The agreement aims to better detect and combat pandemics by focusing on greater international coordination and surveillance, and more equitable access to vaccines and treatments.
The negotiations process grew tense amid disagreements between wealthy and developing countries, with the latter feeling cut off from access to vaccines during the pandemic.
Angolan President Joao Lourenco, speaking for the African Union, told the assembly on Tuesday: "Countries in Africa are rarely the starting point of these crises but always are on the front line and the victims of these crises that cross borders."
The agreement also faced opposition from those who thought it would encroach on state sovereignty.
Countries still have to thrash out the details of the agreement's Pathogen Access and Benefit-Sharing (PABS) mechanism.
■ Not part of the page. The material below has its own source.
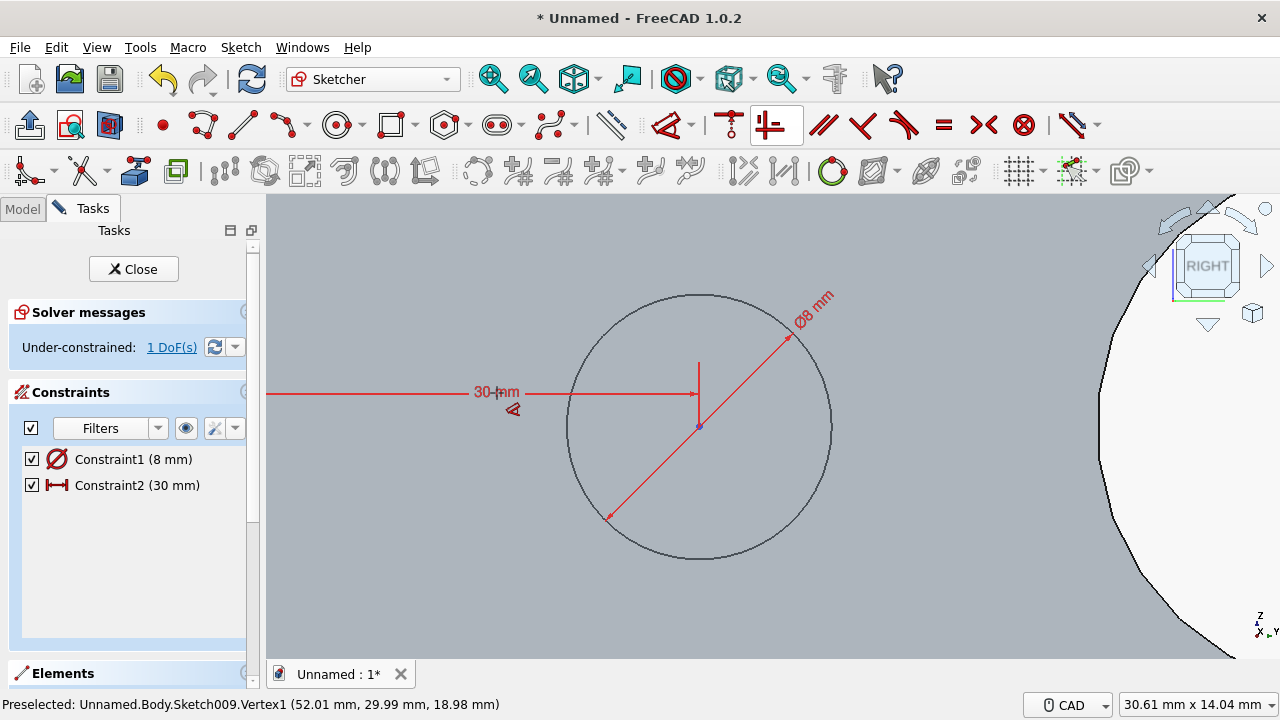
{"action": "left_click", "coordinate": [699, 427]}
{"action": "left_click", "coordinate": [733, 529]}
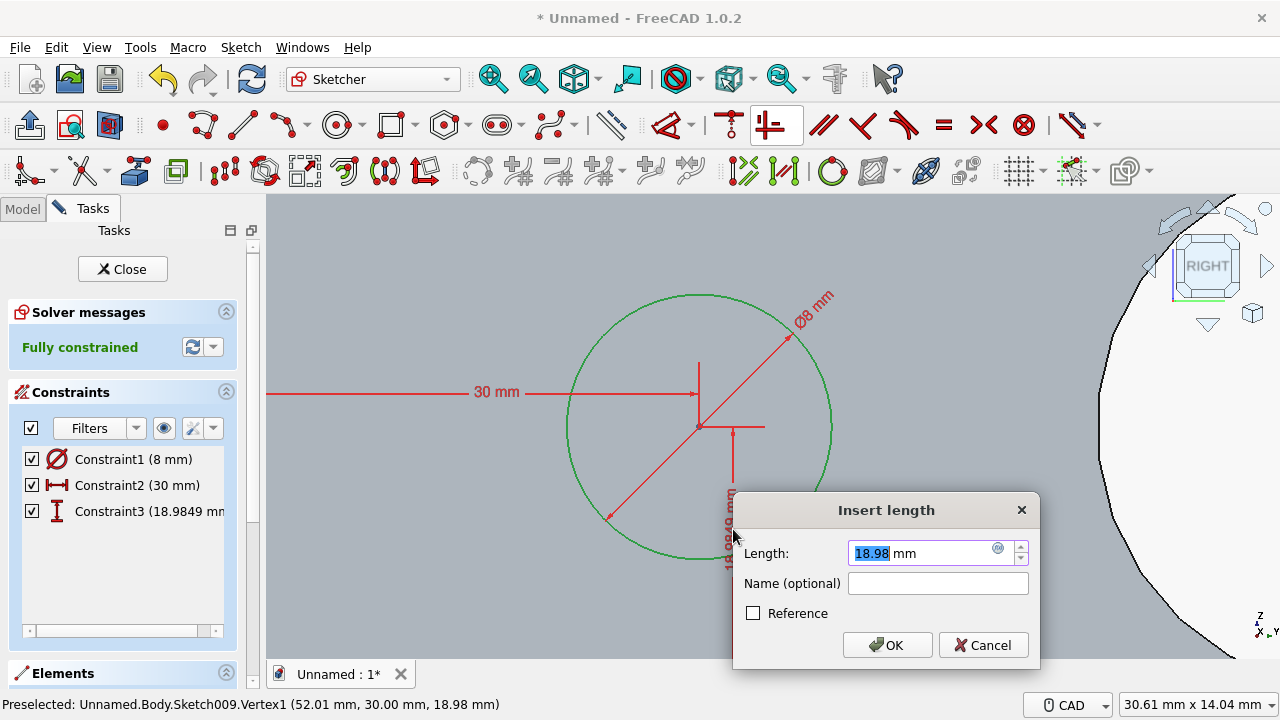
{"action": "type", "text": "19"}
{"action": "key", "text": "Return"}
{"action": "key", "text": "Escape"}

The PABS mechanism deals with sharing access to pathogens with pandemic potential, and then sharing the benefits derived from them: vaccines, tests and treatments.
Once the PABS system is finalized, the agreement can then be ratified by members, with sixty ratifications required for the treaty to enter into force.
In a video message, Indian Prime Minister Narendra Modi called the agreement "a shared commitment to fight future pandemics with greater cooperation while building a healthy planet."
EU health commissioner Oliver Varhelyi called the agreement a "decisive step towards a more effective and cooperative global approach" to preventing and managing pandemics.
Kennedy brands WHO 'moribund'
But US Health Secretary Robert F. Kennedy Jr. branded the WHO bloated and moribund, and urged other countries to consider following suit.
He said the UN health agency was under undue influence from China, gender ideology and the pharmaceutical industry.
"I urge the world's health ministers and the WHO to take our withdrawal from the organization as a wake-up call," Kennedy said in a video statement.
"We've already been in contact with like-minded countries and we encourage others to consider joining us."
French President Emmanuel Macron called the agreement "a victory for the future" and for citizens who will now be "better protected against pandemics."
Via video message, he said that while some believed they could do without science, not only would they "harm the health of all us", but they would be the most in danger from pathogens as they would "not see their return."
While all eyes were on preparing for the next pandemic, Tedros said it was crucial to find out how the last one began.
"The pandemic has ended, but we still don't know how it started," he said.
"Understanding how it did remains important, both as a scientific imperative and as a moral imperative" for the sake of the millions killed.